The present invention also provides a sample buffer section 21 to carry out the main measurement by causing the sucked up sample liquid 1 to flow down after passing through the sample charge section 20. Measurement accuracy can be improved by not using the liquid phase for measurement, and additional equipment such as the solenoid valve for steady measurements and the needle valve of the solenoid valve for filling the sample does not come into contact with the sample liquid. It has the advantage of not being contaminated at all.

Furthermore, the present invention has the practical advantage of being front-operated and easy to handle.

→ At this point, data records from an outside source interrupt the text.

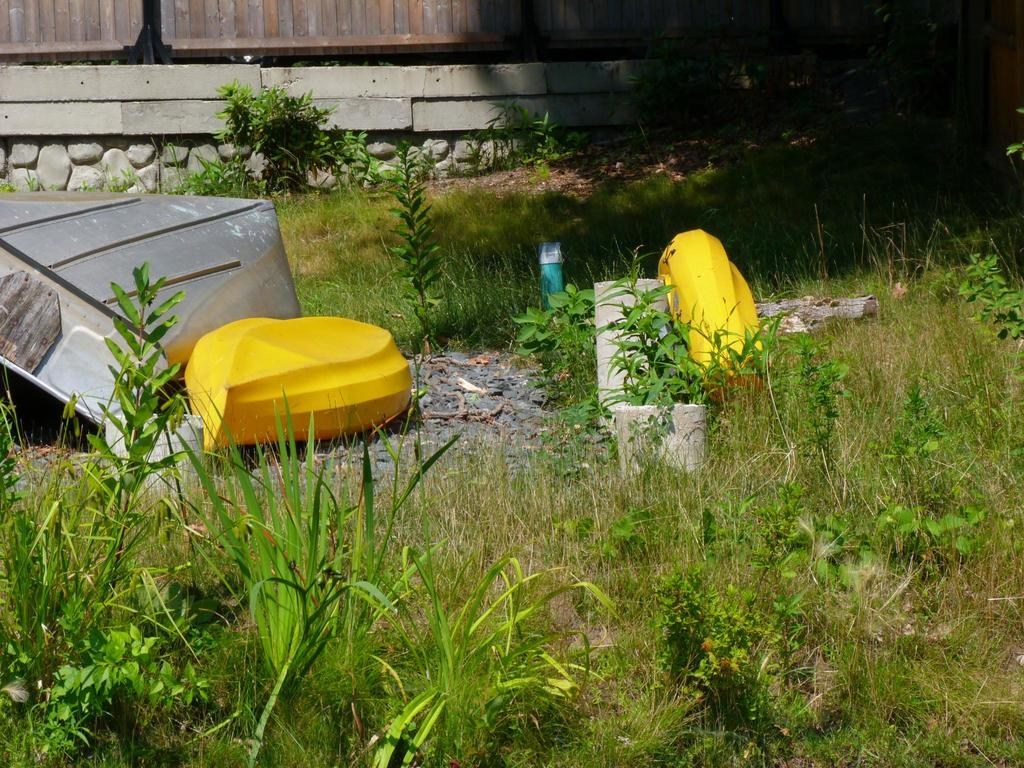What type of vegetation covers the land in the image? The land in the image is covered with plants and trees. What can be seen on the left side of the image? There appears to be a boat on the left side of the image. What is visible in the background of the image? There is a wall visible in the background of the image. What type of hair can be seen on the boat in the image? There is no hair present on the boat in the image. Is there an umbrella being used by anyone in the image? There is no umbrella visible in the image. 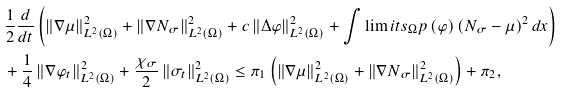<formula> <loc_0><loc_0><loc_500><loc_500>& \frac { 1 } { 2 } \frac { d } { d t } \left ( \left \| \nabla \mu \right \| _ { L ^ { 2 } \left ( \Omega \right ) } ^ { 2 } + \left \| \nabla N _ { \sigma } \right \| _ { L ^ { 2 } \left ( \Omega \right ) } ^ { 2 } + c \left \| \Delta \varphi \right \| _ { L ^ { 2 } \left ( \Omega \right ) } ^ { 2 } + \int \lim i t s _ { \Omega } p \left ( \varphi \right ) \left ( N _ { \sigma } - \mu \right ) ^ { 2 } d x \right ) \\ & + \frac { 1 } { 4 } \left \| \nabla \varphi _ { t } \right \| _ { L ^ { 2 } \left ( \Omega \right ) } ^ { 2 } + \frac { \chi _ { \sigma } } { 2 } \left \| \sigma _ { t } \right \| _ { L ^ { 2 } \left ( \Omega \right ) } ^ { 2 } \leq \pi _ { 1 } \left ( \left \| \nabla \mu \right \| _ { L ^ { 2 } \left ( \Omega \right ) } ^ { 2 } + \left \| \nabla N _ { \sigma } \right \| _ { L ^ { 2 } \left ( \Omega \right ) } ^ { 2 } \right ) + \pi _ { 2 } ,</formula> 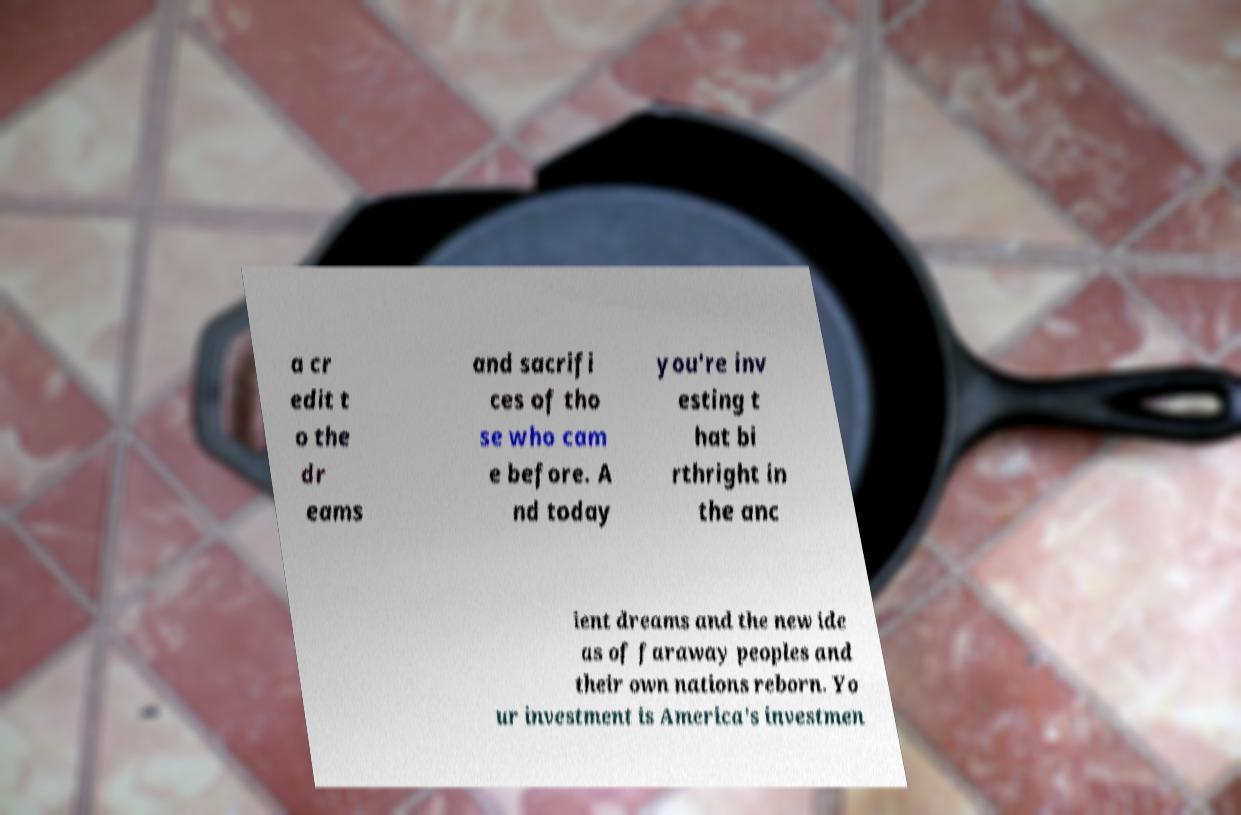Could you extract and type out the text from this image? a cr edit t o the dr eams and sacrifi ces of tho se who cam e before. A nd today you're inv esting t hat bi rthright in the anc ient dreams and the new ide as of faraway peoples and their own nations reborn. Yo ur investment is America's investmen 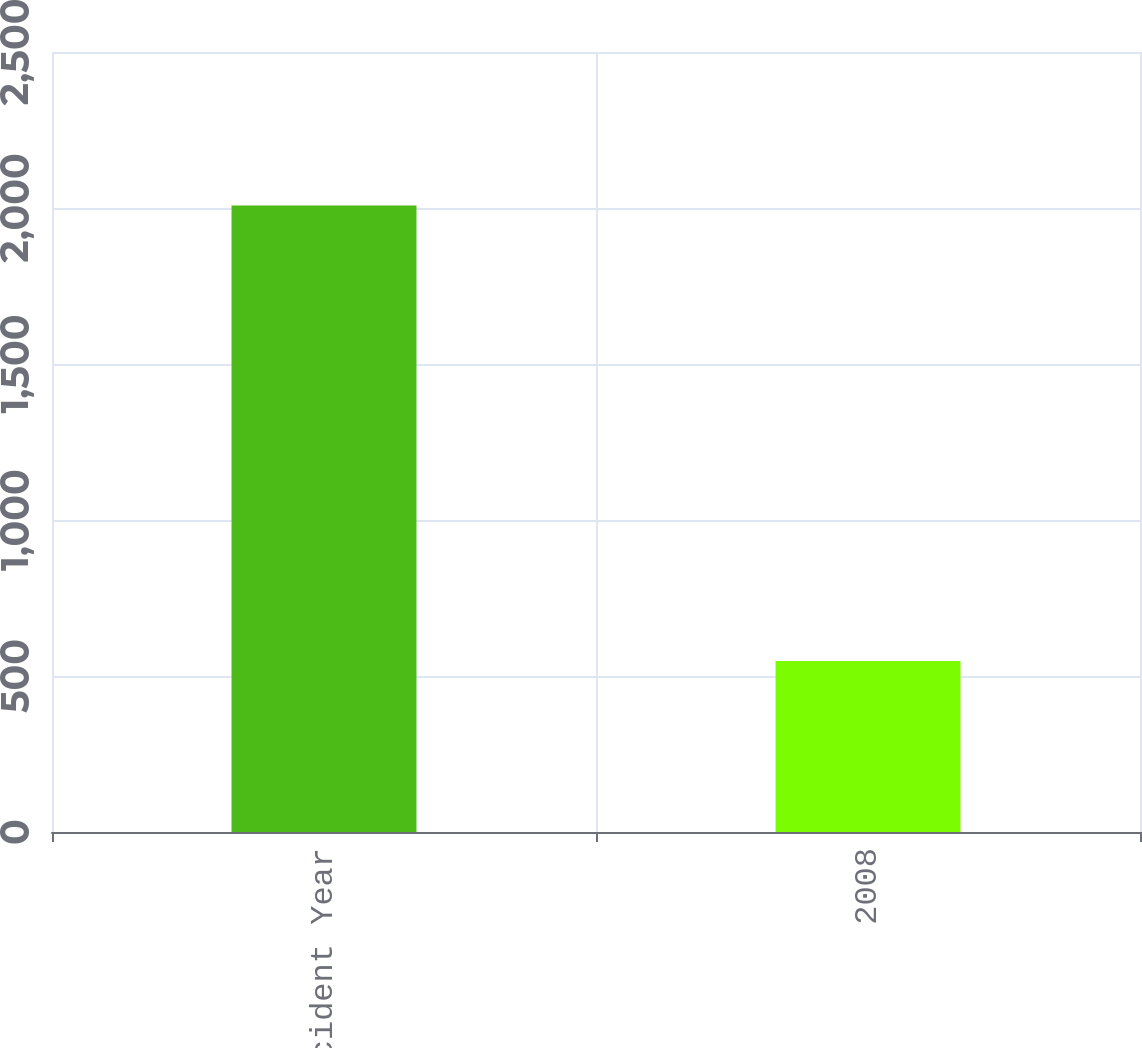Convert chart to OTSL. <chart><loc_0><loc_0><loc_500><loc_500><bar_chart><fcel>Accident Year<fcel>2008<nl><fcel>2008<fcel>548<nl></chart> 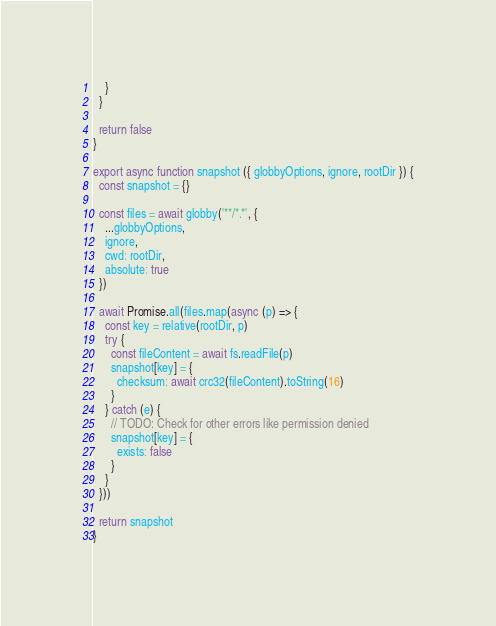Convert code to text. <code><loc_0><loc_0><loc_500><loc_500><_JavaScript_>    }
  }

  return false
}

export async function snapshot ({ globbyOptions, ignore, rootDir }) {
  const snapshot = {}

  const files = await globby('**/*.*', {
    ...globbyOptions,
    ignore,
    cwd: rootDir,
    absolute: true
  })

  await Promise.all(files.map(async (p) => {
    const key = relative(rootDir, p)
    try {
      const fileContent = await fs.readFile(p)
      snapshot[key] = {
        checksum: await crc32(fileContent).toString(16)
      }
    } catch (e) {
      // TODO: Check for other errors like permission denied
      snapshot[key] = {
        exists: false
      }
    }
  }))

  return snapshot
}
</code>

[Brief explanation of the drawing]

Each figure shows an aspect of an example of the device of the present invention, with FIG. 1 being a basic principle explanatory diagram, FIG. 2 being a schematic structural diagram of a projection magnifying section, FIG. 3 being an external perspective view, and FIG. 4 not showing main parts. Plan view, Figure 5 is a schematic structural diagram of the sample distribution line, Figures 6 and 7 are side and front views showing the main structure, Figure 8 is a laser beam illuminance verification circuit diagram, and Figure 9 is a calculation diagram. The block diagram of the counting section, FIGS. 10 and 11, are electrical circuit diagrams of the main parts in FIG. DESCRIPTION OF SYMBOLS 1... Sample liquid, 2... Flow cell, 3... Laser oscillator, 4... Projection enlarger, 5... Photoelectric conversion element, 6... Monitor screen, 8, 10, 11... Reflection mirror, 9...
Lens, 13...Sample passage tube, 20...Sample charge section, 21...Sample buffer section, 22, 23, 24...
Phototube switch, 34...one-shot multi-circuit.

Claims (1)

[Claims] 1 A sample buffer section 21, a sample charge section 20, and a flow cell 2 are arranged vertically in this order and communicated with each other, and a steady measurement tube and an air bleed tube are connected to the sample buffer section 21 in various ways. A sample passage tube 13 for allowing the sample liquid 1 filled up to the buffer section 21 to flow down at a constant speed in a vertical direction.
, a laser oscillator 3 and a projection magnifying section 4 provided on both left and right sides of the apparatus main body, sandwiching the flow cell 2 as a detection section, and at least one reflecting mirror 8, 10, 11 that refracts the laser beam. A lens 9 for magnifying the laser beam after passing through the flow cell 2 is provided, and an optical system for projecting the laser beam onto the flow cell 2 and forming an enlarged image of the flowing state of the flowing liquid in the flow cell 2 on the projection magnifying section 4. and a plurality of photoelectrons having a light-receiving area according to the magnification and the size of the maximum object to be counted and arranged in parallel so as to be able to cross the fluid flow surface of the enlarged projection image effective portion of the projection enlarger 4. Ultrafine particles in a liquid comprising a conversion element 5 and a calculation/counting section for calculating and counting changes in the electrical signals of the photoelectric conversion elements 5 and counting the ultrafine particles in the sample liquid 1 as relative values. Small object counting device.